05.08.2015

MiFID II Brings Reporting Challenges

05.08.2015
Terry Flanagan

Regulatory compliance is the leading business issue facing asset managers and fund administrators, as they face a slew of new regulations including Dodd-Frank, Emir, MiFID II, AIFMD and Basel III.

The situation is more acute in Europe than the U.S. because most of the rules for Dodd-Frank have already been implemented, whereas rulemaking for EMIR and MiFID II is still in the early stages. European companies face a mountain of regulations to climb over the next several years.

For London Stock Exchange Group’s UnaVista post-trade platform, the priority is getting clients ready for MiFID II.

“There are a number of initiatives we are kicking off shortly to make sure our existing customers can start preparing for this,” said Michael Leach, managing director of business development at LSEG. “It’s transformational for MiFID 1 to MiFID 2 in terms of the number of fields or the assets classes you need to report, and we want to make sure that firms are not caught at the last minute, trying to adhere to a regulation but they’re ready way in advance, so our aim is to have a UAT [user acceptance testing] system in place, 12 months before the regulation goes live.”

The MiFID II regulatory regime is progressing toward its 2017 implementation date, with implications for U.S. companies that do business in Europe. From a reporting standpoint, most firms have been fully engaged with compliance with Dodd-Frank and EMIR, both of which require reporting of OTC transactions to trade repositories, but MiFID II has its own reporting requirements that are at least as comprehensive as those of EMIR /Dodd-Frank.

“The documentation for MiFid II doesn’t even come out until January next year,” Leach said. “We’ve got a good idea of all the fields based on the initial sets of data the fields and the rules are going to be like, and because UnaVista is such an agile technology, we’re going to build something that can be updated as the regulations change prior to going live.”

UnaVista services include the EMIR Trade Repository, MiFID Approved Reporting Mechanism, AIFMD and short-selling reporting services, as well as trade confirmation matching, reconciliation and reference data. Because MiFID II will affect U.S.-based companies that do business in Europe, UnaVista is boosting its presence in the U.S.

“We’ll help to educate firms to be ready for MiFID II whilst we also work with customers to understand what their needs are and how they can leverage a platform like ours,” said Leach. “Global firms with a European focus send their data once to us, and then can manage a number of regulations be that, short selling, transparency directive, EMIR reporting, MiFID reporting, reconciliations etc., so they can do numerous things with one set of data.”

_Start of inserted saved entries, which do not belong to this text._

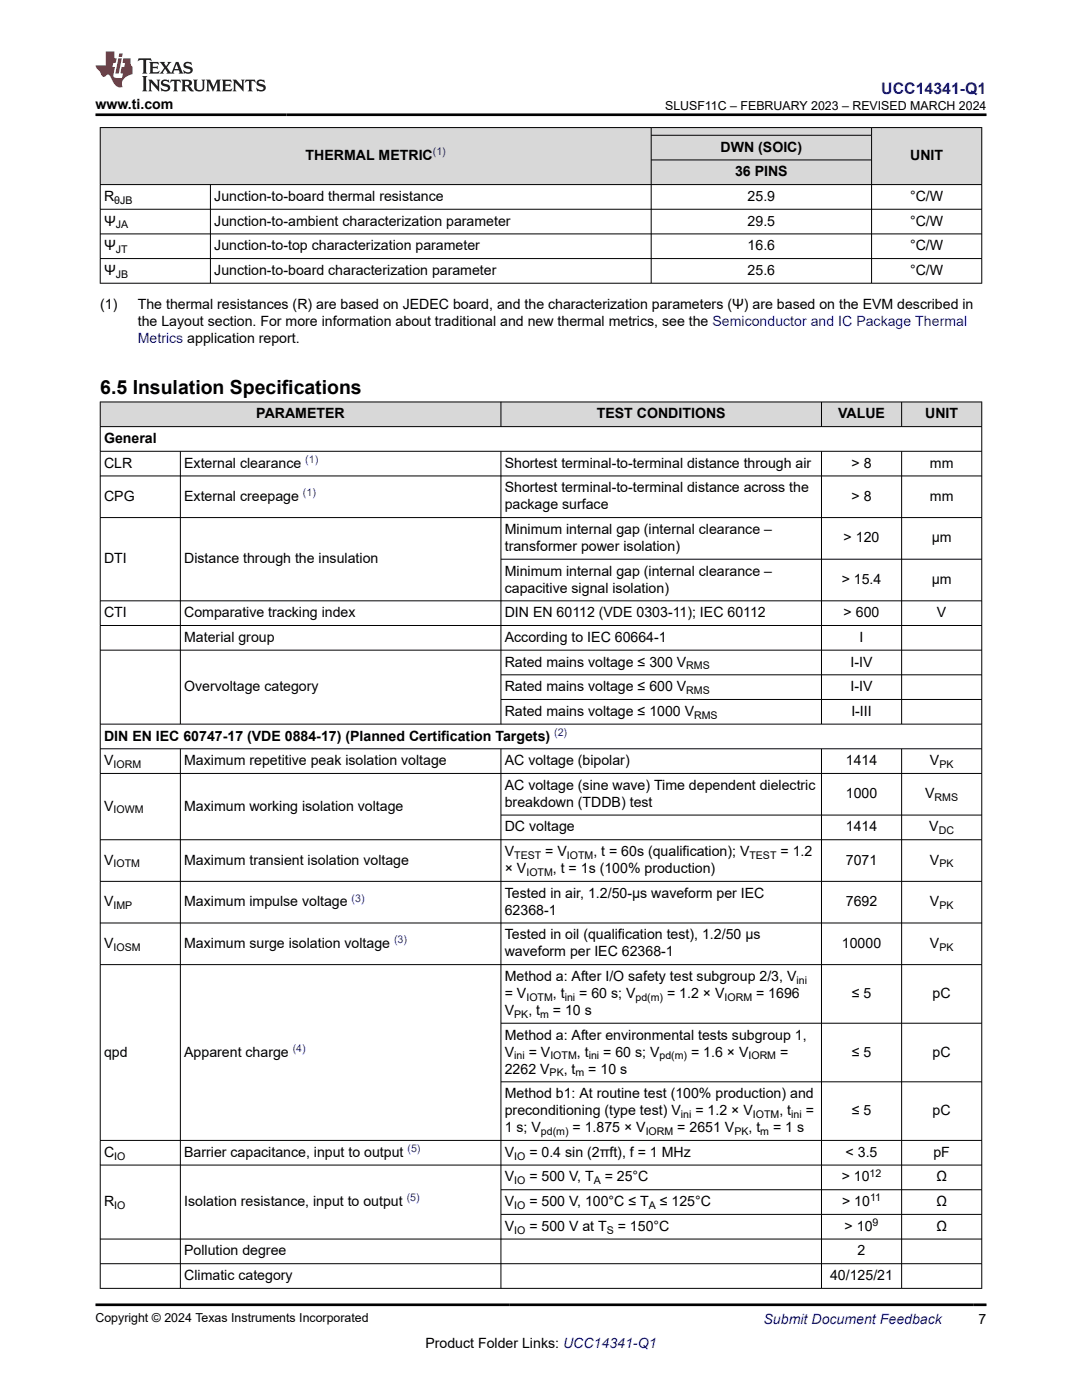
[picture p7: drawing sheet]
<svg xmlns="http://www.w3.org/2000/svg" width="216mm" height="279mm" viewBox="0 0 216 279" stroke-linecap="round" stroke-linejoin="round" font-family="sans-serif">
<defs><g id="words">
<text font-size="3.9" x="20" y="78.6">6.5 Insulation Specifications</text>
<text font-size="3.2" fill="#00f" x="175.9" y="18.7">UCC14341-Q1</text>
<g font-size="2.8">
<text x="19" y="21.8">www.ti.com</text>
<text x="61" y="32">THERMAL METRIC</text>
<text x="143.8" y="30.3">DWN (SOIC)</text>
<text x="146.7" y="35.2">36 PINS</text>
<text x="181.6" y="32">UNIT</text>
<text x="20.8" y="40.1">R</text>
<text x="42.8" y="40.1">Junction-to-board thermal resistance</text>
<text x="149.2" y="40.1">25.9</text>
<text x="181.6" y="40.1">°C/W</text>
<text x="20.8" y="45">Ψ</text>
<text x="42.8" y="45">Junction-to-ambient characterization parameter</text>
<text x="149.2" y="45">29.5</text>
<text x="181.6" y="45">°C/W</text>
<text x="20.8" y="50">Ψ</text>
<text x="42.8" y="50">Junction-to-top characterization parameter</text>
<text x="149.2" y="50">16.6</text>
<text x="181.6" y="50">°C/W</text>
<text x="20.8" y="54.9">Ψ</text>
<text x="42.8" y="54.9">Junction-to-board characterization parameter</text>
<text x="149.2" y="54.9">25.6</text>
<text x="181.6" y="54.9">°C/W</text>
<text x="20" y="61.7">(1)</text>
<text x="27.5" y="61.7">The thermal resistances (R) are based on JEDEC board, and the characterization parameters (Ψ) are based on the EVM described in</text>
<text x="27.5" y="65.1">the Layout section. For more information about traditional and new thermal metrics, see the Semiconductor and IC Package Thermal</text>
<text x="51.1" y="83.5">PARAMETER</text>
<text x="119.1" y="83.5">TEST CONDITIONS</text>
<text x="167.2" y="83.5">VALUE</text>
<text x="184.6" y="83.5">UNIT</text>
<text x="20.8" y="88.4">General</text>
<text x="20.8" y="93.3">CLR</text>
<text x="36.8" y="93.3">External clearance</text>
<text x="100.7" y="93.3">Shortest terminal-to-terminal distance through air</text>
<text x="169.9" y="93.3">&gt; 8</text>
<text x="185.6" y="93.3">mm</text>
<text x="20.8" y="100">CPG</text>
<text x="36.8" y="100">External creepage</text>
<text x="100.7" y="98.3">Shortest terminal-to-terminal distance across the</text>
<text x="100.7" y="101.6">package surface</text>
<text x="169.9" y="100">&gt; 8</text>
<text x="185.6" y="100">mm</text>
<text x="100.7" y="106.6">Minimum internal gap (internal clearance –</text>
<text x="20.8" y="112.4">DTI</text>
<text x="36.8" y="112.4">Distance through the insulation</text>
<text x="100.7" y="110">transformer power isolation)</text>
<text x="168.3" y="108.3">&gt; 120</text>
<text x="185.9" y="108.3">µm</text>
<text x="100.7" y="114.9">Minimum internal gap (internal clearance –</text>
<text x="100.7" y="118.3">capacitive signal isolation)</text>
<text x="168" y="116.6">&gt; 15.4</text>
<text x="185.9" y="116.6">µm</text>
<text x="20.8" y="123.2">CTI</text>
<text x="36.8" y="123.2">Comparative tracking index</text>
<text x="100.7" y="123.2">DIN EN 60112 (VDE 0303-11); IEC 60112</text>
<text x="168.3" y="123.2">&gt; 600</text>
<text x="187" y="123.2">V</text>
<text x="36.8" y="128.1">Material group</text>
<text x="100.7" y="128.1">According to IEC 60664-1</text>
<text x="171.5" y="128.1">I</text>
<text x="36.8" y="137.9">Overvoltage category</text>
<text x="100.7" y="133">Rated mains voltage ≤ 300 V</text>
<text x="100.7" y="137.9">Rated mains voltage ≤ 600 V</text>
<text x="169.7" y="133">I-IV</text>
<text x="169.7" y="137.9">I-IV</text>
<text x="100.7" y="142.9">Rated mains voltage ≤ 1000 V</text>
<text x="169.9" y="142.9">I-III</text>
<text x="20.8" y="147.8">DIN EN IEC 60747-17 (VDE 0884-17) (Planned Certification Targets)</text>
<text x="20.8" y="152.7">V</text>
<text x="36.8" y="152.7">Maximum repetitive peak isolation voltage</text>
<text x="100.7" y="152.7">AC voltage (bipolar)</text>
<text x="168.8" y="152.7">1414</text>
<text x="185.6" y="152.7">V</text>
<text x="20.8" y="161.8">V</text>
<text x="36.8" y="161.8">Maximum working isolation voltage</text>
<text x="100.7" y="157.6">AC voltage (sine wave) Time dependent dielectric</text>
<text x="100.7" y="161">breakdown (TDDB) test</text>
<text x="168.8" y="159.3">1000</text>
<text x="184.6" y="159.3">V</text>
<text x="100.7" y="165.9">DC voltage</text>
<text x="168.8" y="165.9">1414</text>
<text x="185.4" y="165.9">V</text>
<text x="20.8" y="172.6">V</text>
<text x="36.8" y="172.6">Maximum transient isolation voltage</text>
<text x="100.7" y="170.9">V</text>
<text x="108.8" y="170.9">= V</text>
<text x="118.4" y="170.9">, t = 60s (qualification); V</text>
<text x="155.7" y="170.9">= 1.2</text>
<text x="168.8" y="172.6">7071</text>
<text x="185.6" y="172.6">V</text>
<text x="100.7" y="179.2">Tested in air, 1.2/50-μs waveform per IEC</text>
<text x="100.7" y="174.2">× V</text>
<text x="110.3" y="174.2">, t = 1s (100% production)</text>
<text x="20.8" y="180.9">V</text>
<text x="36.8" y="180.9">Maximum impulse voltage</text>
<text x="100.7" y="182.6">62368-1</text>
<text x="168.8" y="180.9">7692</text>
<text x="185.6" y="180.9">V</text>
<text x="20.8" y="189.2">V</text>
<text x="36.8" y="189.2">Maximum surge isolation voltage</text>
<text x="100.7" y="187.5">Tested in oil (qualification test), 1.2/50 µs</text>
<text x="100.7" y="190.9">waveform per IEC 62368-1</text>
<text x="168" y="189.2">10000</text>
<text x="185.6" y="189.2">V</text>
<text x="100.7" y="195.8">Method a: After I/O safety test subgroup 2/3, V</text>
<text x="100.7" y="199.2">= V</text>
<text x="100.7" y="202.6">V</text>
<text x="105.4" y="202.6">, t</text>
<text x="110.3" y="199.2">, t</text>
<text x="110.3" y="202.6">= 10 s</text>
<text x="115.6" y="199.2">= 60 s; V</text>
<text x="133.1" y="199.2">= 1.2 × V</text>
<text x="150.9" y="199.2">= 1696</text>
<text x="170" y="199.2">≤ 5</text>
<text x="186.1" y="199.2">pC</text>
<text x="100.7" y="207.5">Method a: After environmental tests subgroup 1,</text>
<text x="20.8" y="210.9">qpd</text>
<text x="36.8" y="210.9">Apparent charge</text>
<text x="100.7" y="210.9">V</text>
<text x="100.7" y="214.3">2262 V</text>
<text x="105.5" y="210.9">= V</text>
<text x="112.5" y="214.3">, t</text>
<text x="115.1" y="210.9">, t</text>
<text x="117.4" y="214.3">= 10 s</text>
<text x="120.4" y="210.9">= 60 s; V</text>
<text x="137.9" y="210.9">= 1.6 × V</text>
<text x="155.7" y="210.9">=</text>
<text x="170" y="210.9">≤ 5</text>
<text x="186.1" y="210.9">pC</text>
<text x="100.7" y="219.2">Method b1: At routine test (100% production) and</text>
<text x="100.7" y="222.6">preconditioning (type test) V</text>
<text x="100.7" y="225.9">1 s; V</text>
<text x="114.2" y="225.9">= 1.875 × V</text>
<text x="135.2" y="225.9">= 2651 V</text>
<text x="138.8" y="222.6">= 1.2 × V</text>
<text x="149.4" y="225.9">, t</text>
<text x="154.3" y="225.9">= 1 s</text>
<text x="155.5" y="222.6">, t</text>
<text x="160.8" y="222.6">=</text>
<text x="170" y="222.6">≤ 5</text>
<text x="186.1" y="222.6">pC</text>
<text x="20.8" y="230.9">C</text>
<text x="36.8" y="230.9">Barrier capacitance, input to output</text>
<text x="100.7" y="230.9">V</text>
<text x="105.6" y="230.9">= 0.4 sin (2πft), f = 1 MHz</text>
<text x="168.7" y="230.9">&lt; 3.5</text>
<text x="186.3" y="230.9">pF</text>
<text x="100.7" y="235.8">V</text>
<text x="105.6" y="235.8">= 500 V, T</text>
<text x="120.7" y="235.8">= 25°C</text>
<text x="168" y="235.8">&gt; 10</text>
<text x="186.8" y="235.8">Ω</text>
<text x="20.8" y="240.7">R</text>
<text x="36.8" y="240.7">Isolation resistance, input to output</text>
<text x="100.7" y="240.7">V</text>
<text x="100.7" y="245.6">V</text>
<text x="105.6" y="240.7">= 500 V, 100°C ≤ T</text>
<text x="105.6" y="245.6">= 500 V at T</text>
<text x="123.3" y="245.6">= 150°C</text>
<text x="131.7" y="240.7">≤ 125°C</text>
<text x="168" y="240.7">&gt; 10</text>
<text x="168.5" y="245.6">&gt; 10</text>
<text x="186.8" y="240.7">Ω</text>
<text x="186.8" y="245.6">Ω</text>
<text x="36.8" y="250.6">Pollution degree</text>
<text x="171.1" y="250.6">2</text>
<text x="36.8" y="255.5">Climatic category</text>
<text x="165.6" y="255.5">40/125/21</text>
<text x="84.9" y="269">Product Folder Links: UCC14341-Q1</text>
<text x="195.3" y="264.2">7</text>
</g>
<g font-size="2.8" fill="#00f">
<text x="27.5" y="68.4">Metrics application report.</text>
<text x="152.4" y="264.2">Submit Document Feedback</text>
</g>
<g font-size="2.5">
<text x="132.7" y="21.9">SLUSF11C – FEBRUARY 2023 – REVISED MARCH 2024</text>
<text x="19" y="263.9">Copyright © 2024 Texas Instruments Incorporated</text>
</g>
<g font-size="2.1" fill="#00f">
<text x="86.4" y="31">(1)</text>
<text x="60.9" y="92.4">(1)</text>
<text x="60.4" y="99">(1)</text>
<text x="110.6" y="146.8">(2)</text>
<text x="70.2" y="179.9">(3)</text>
<text x="78.6" y="188.2">(3)</text>
<text x="58.4" y="209.9">(4)</text>
<text x="81.3" y="229.9">(5)</text>
<text x="81.2" y="239.8">(5)</text>
</g>
<g font-size="2.1">
<text x="22.8" y="40.7">θJB</text>
<text x="23.1" y="45.6">JA</text>
<text x="23.1" y="50.5">JT</text>
<text x="23.1" y="55.4">JB</text>
<text x="136.9" y="133.6">RMS</text>
<text x="136.9" y="138.5">RMS</text>
<text x="138.5" y="143.4">RMS</text>
<text x="22.6" y="153.3">IORM</text>
<text x="187.4" y="153.3">PK</text>
<text x="186.5" y="159.9">RMS</text>
<text x="22.6" y="162.4">IOWM</text>
<text x="187.3" y="166.5">DC</text>
<text x="22.6" y="173.1">IOTM</text>
<text x="102.6" y="171.4">TEST</text>
<text x="113.1" y="171.4">IOTM</text>
<text x="149.5" y="171.4">TEST</text>
<text x="187.4" y="173.1">PK</text>
<text x="105" y="174.8">IOTM</text>
<text x="22.6" y="181.4">IMP</text>
<text x="187.4" y="181.4">PK</text>
<text x="22.6" y="189.7">IOSM</text>
<text x="187.4" y="189.7">PK</text>
<text x="158.9" y="196.3">ini</text>
<text x="102.6" y="203.1">PK</text>
<text x="105" y="199.7">IOTM</text>
<text x="107.8" y="203.1">m</text>
<text x="112.7" y="199.7">ini</text>
<text x="126.8" y="199.7">pd(m)</text>
<text x="144.6" y="199.7">IORM</text>
<text x="102.6" y="211.4">ini</text>
<text x="109.7" y="214.8">PK</text>
<text x="109.8" y="211.4">IOTM</text>
<text x="114.8" y="214.8">m</text>
<text x="117.5" y="211.4">ini</text>
<text x="131.6" y="211.4">pd(m)</text>
<text x="149.3" y="211.4">IORM</text>
<text x="107.9" y="226.5">pd(m)</text>
<text x="128.8" y="226.5">IORM</text>
<text x="135.9" y="223.1">ini</text>
<text x="146.5" y="226.5">PK</text>
<text x="150.2" y="223.1">IOTM</text>
<text x="151.7" y="226.5">m</text>
<text x="157.9" y="223.1">ini</text>
<text x="22.8" y="231.4">IO</text>
<text x="102.6" y="231.4">IO</text>
<text x="102.6" y="236.4">IO</text>
<text x="118.5" y="236.4">A</text>
<text x="173.5" y="234.8">12</text>
<text x="173.6" y="239.8">11</text>
<text x="22.8" y="241.3">IO</text>
<text x="102.6" y="241.3">IO</text>
<text x="129.5" y="241.3">A</text>
<text x="174.1" y="244.7">9</text>
<text x="102.6" y="246.2">IO</text>
<text x="121.1" y="246.2">S</text>
</g>
</g></defs>
<g fill="#d8d8d8">
<path d="M20 25.5h175.9v1.5h-175.9z" fill-rule="evenodd"/>
<path d="M20.1 25.5h109.8v11.3h-109.8z" fill-rule="evenodd"/>
<path d="M130 25.5h43.9v1.4h-43.9z" fill-rule="evenodd"/>
<path d="M174 25.5h21.8v11.3h-21.8z" fill-rule="evenodd"/>
<path d="M130 27.1h43.9v4.8h-43.9z" fill-rule="evenodd"/>
<path d="M130 32h43.9v4.8h-43.9z" fill-rule="evenodd"/>
</g>
<g fill="none" stroke="#000" stroke-width=".2">
<path d="M19.9 25.5h176.1M19.9 36.8h176.1M20 25.4v31.2M42 36.8v19.8M129.9 25.4v31.2M129.9 27h44.1M129.9 31.9h44.1M173.9 25.4v31.2M195.9 25.4v31.2M19.9 41.8h176.1M19.9 46.7h176.1M19.9 51.6h176.1"/>
<path d="M19.9 56.5h176.1"/>
</g>
<g fill="#d8d8d8">
<path d="M20 80.2h175.9v4.9h-175.9z" fill-rule="evenodd"/>
<path d="M20.1 80.3h79.8v4.8h-79.8z" fill-rule="evenodd"/>
<path d="M100 80.3h63.9v4.8h-63.9z" fill-rule="evenodd"/>
<path d="M164 80.3h15.8v4.8h-15.8z" fill-rule="evenodd"/>
<path d="M180 80.3h15.8v4.8h-15.8z" fill-rule="evenodd"/>
</g>
<g fill="none" stroke="#000" stroke-width=".2">
<path d="M19.9 80.2h176.1M19.9 85.1h176.1M19.9 90.1h176.1M19.9 95h176.1M20 80.2v177M36 90.1v54.5M100 80.2v5M100 90.1v54.5M163.9 80.2v5M163.9 90.1v54.5M179.9 80.2v5M179.9 90.1v54.5"/>
<path d="M195.9 80.2v177M19.9 103.3h176.1M100 111.6h96M196 119.9h-176.1M19.9 124.8h176.1M19.9 129.8h176.1M100 134.7h96M100 139.6h96M19.9 149.4h176.1M19.9 154.4h176.1M36 149.4v107.8M100 149.4v107.8"/>
<path d="M163.9 149.4v107.8M179.9 149.4v107.8M196 144.5h-176.1M19.9 175.9h176.1M100 162.7h96M196 167.6h-176.1M19.9 184.2h176.1M19.9 192.5h176.1M100 204.2h96M100 215.9h96M19.9 232.5h176.1M100 237.4h96"/>
<path d="M196 227.6h-176.1M19.9 252.2h176.1M19.9 257.1h176.1M100 242.4h96M196 247.3h-176.1"/>
</g>
<path d="M27.7 11.6l-.2 .6 .5-.2h.6v.1v2.2l-.2 .4h1l-.2-.4v-2.2v-.1h.5l.5 .2-.1-.6zM29.8 12.4l.2 .3v1.6l-.2 .4h1.9l.1-.6a1.08 1.08 0 0 1-1.3 .2v-.7h.6l.4 .2v-.7l-.4 .2h-.6v-.5l.2-.2a1 1 0 0 1 1 .3l-.1-.5zM31.8 12.4l1 1.1-1 1.2h.9l-.2-.2 .4-.8 .5 .8-.2 .2h1.6l-.2-.2 .1-.5h1l.1 .5-.1 .2h.9l-.2-.4-.8-1.9h-.5l-1 2.1-.8-1.1 .9-1h-.8l.2 .2-.5 .6-.3-.6 .1-.2zM35.2 12.8l.4 1h-.8zM36.8 12.5a.65 .65 0 0 0-.2 .7 .65 .65 0 0 0 .6 .5l.7 .1 .1 .3a.79 .79 0 0 1-.7 .4 .79 .79 0 0 1-.7-.5l.1 .7 .2-.1a.93 .93 0 0 0 1.1 0 .93 .93 0 0 0 .4-.9 1.46 1.46 0 0 0-1.2-.6l-.1-.3a1.09 1.09 0 0 1 1.2 .2l-.2-.6-.1 .1-.6-.2zM28.4 15.2l.2 .4v2.2l-.2 .4h1l-.2-.4v-2.2l.2-.4zM29.6 15.9l.2 .4v1.5l-.2 .4h.8l-.3-.4v-1.3l1.7 1.8v-2l.2-.4h-.8l.2 .2 .1 1.1-1.2-1.3zM32.3 16a.65 .65 0 0 0-.2 .8 .65 .65 0 0 0 .7 .4l.6 .2 .1 .2a.79 .79 0 0 1-.7 .4 .79 .79 0 0 1-.7-.5l.1 .7 .2-.1a.93 .93 0 0 0 1.1 .1 .93 .93 0 0 0 .4-1 1.46 1.46 0 0 0-1.2-.5l-.1-.4a1.09 1.09 0 0 1 1.2 .2l-.2-.6-.1 .1-.6-.1zM34.1 15.9l-.1 .6a.63 .63 0 0 1 .7-.3l.1 1.6-.3 .4h1l-.2-.4v-1.6a.66 .66 0 0 1 .8 .3l-.1-.6zM36.2 15.9l.2 .4v1.5l-.2 .4h.9l-.2-.2v-.7h.5l.1 .2a.79 .79 0 0 0 1.2 .6l-1-.9a.61 .61 0 0 0 .6-.6 .61 .61 0 0 0-.5-.7zM36.9 16.2h.2a.47 .47 0 0 1 .5 .1 .47 .47 0 0 1 .1 .5l-.2 .1-.6 .1zM38.5 15.9l.2 .2a2.27 2.27 0 0 0 .4 2 1.04 1.04 0 0 0 1.7-.7v-1.3l.2-.2h-.8l.2 .4v1.1a.6 .6 0 0 1-.6 .6 .6 .6 0 0 1-.6-.6v-1.1l.3-.4zM41.1 15.9l.2 .4v1.5l-.2 .4h.7l-.2-.4v-1.4l.9 1.9 .8-1.9v1.4l-.2 .4h1l-.3-.4v-1.5l.3-.4h-.8l-.7 1.5-.7-1.5zM44.3 15.9l.2 .4v1.5l-.2 .4h1.9l.1-.6a1.09 1.09 0 0 1-1.3 .2v-.7h.6l.4 .2v-.6l-.4 .2h-.6v-.6l.2-.1a1.01 1.01 0 0 1 1 .3l-.1-.6zM46.4 15.9l.3 .4v1.5l-.3 .4h.8l-.2-.4v-1.3l1.6 1.8v-2l.2-.4h-.7l.2 .2v1.1l-1.2-1.3zM49 15.9l-.1 .6a.63 .63 0 0 1 .8-.3v1.6l-.3 .4h1l-.2-.4v-1.6a.66 .66 0 0 1 .8 .3l-.1-.6zM51.4 16a.65 .65 0 0 0-.2 .8 .65 .65 0 0 0 .6 .4l.6 .2 .2 .2a.79 .79 0 0 1-.8 .4 .79 .79 0 0 1-.6-.5l.1 .7 .2-.1a.93 .93 0 0 0 1 .1 .93 .93 0 0 0 .5-1 1.46 1.46 0 0 0-1.3-.5l-.1-.4a1.09 1.09 0 0 1 1.3 .2l-.2-.6-.2 .1-.5-.1z" fill="#231f20"/>
<path d="M21.1 10.3v2.7h-2.1l.1 .4 .9 1a.95 .95 0 0 0 .9 .9 .59 .59 0 0 1 .6-.4 .59 .59 0 0 1 .5 .3l.4 .8a1.59 1.59 0 0 0 2.1 1.4 1.61 1.61 0 0 1 1-2.3l1-.3-.1-1.5a1.59 1.59 0 0 1-.4-1.7h-1.4l-.2 .9h.5l-.1 .9h-.5l-.2 .9v.3l.4 .1-.2 .9h-.6a.73 .73 0 0 1-1.1-.7l.3-1.5h-.5l.2-.9h.5l.2-.9h-.5v-1.3zM23.6 11.6l-.6 3.1h.7l.6-3.1zM23.8 10.7l-.1 .6h.7l.1-.6z" fill="#ed1c24"/>
<path d="M19 22.9h177.8M19 260.4h177.8" fill="none" stroke="#000" stroke-width=".53"/>
<use href="#words"/>
</svg>

Spearheading the U.S. effort is Robert Grant, who was recently appointed UnaVista’s head of business development, software, for Americas.

“The idea is to take the concerns and uncertainties of the clients and market participants in the US, South America and Canada, and apply the same software and platform functionality that we’ve applied to the clients and the regulations in Europe,” said Grant.

Grant’s appointment comes shortly after UnaVista announced a deal in which it will provide trade repository technology to be locally installed with market infrastructure providers SIX Group. The deal allows clients of SIX to comply with upcoming derivative reporting regimes being implemented by their national competent authorities.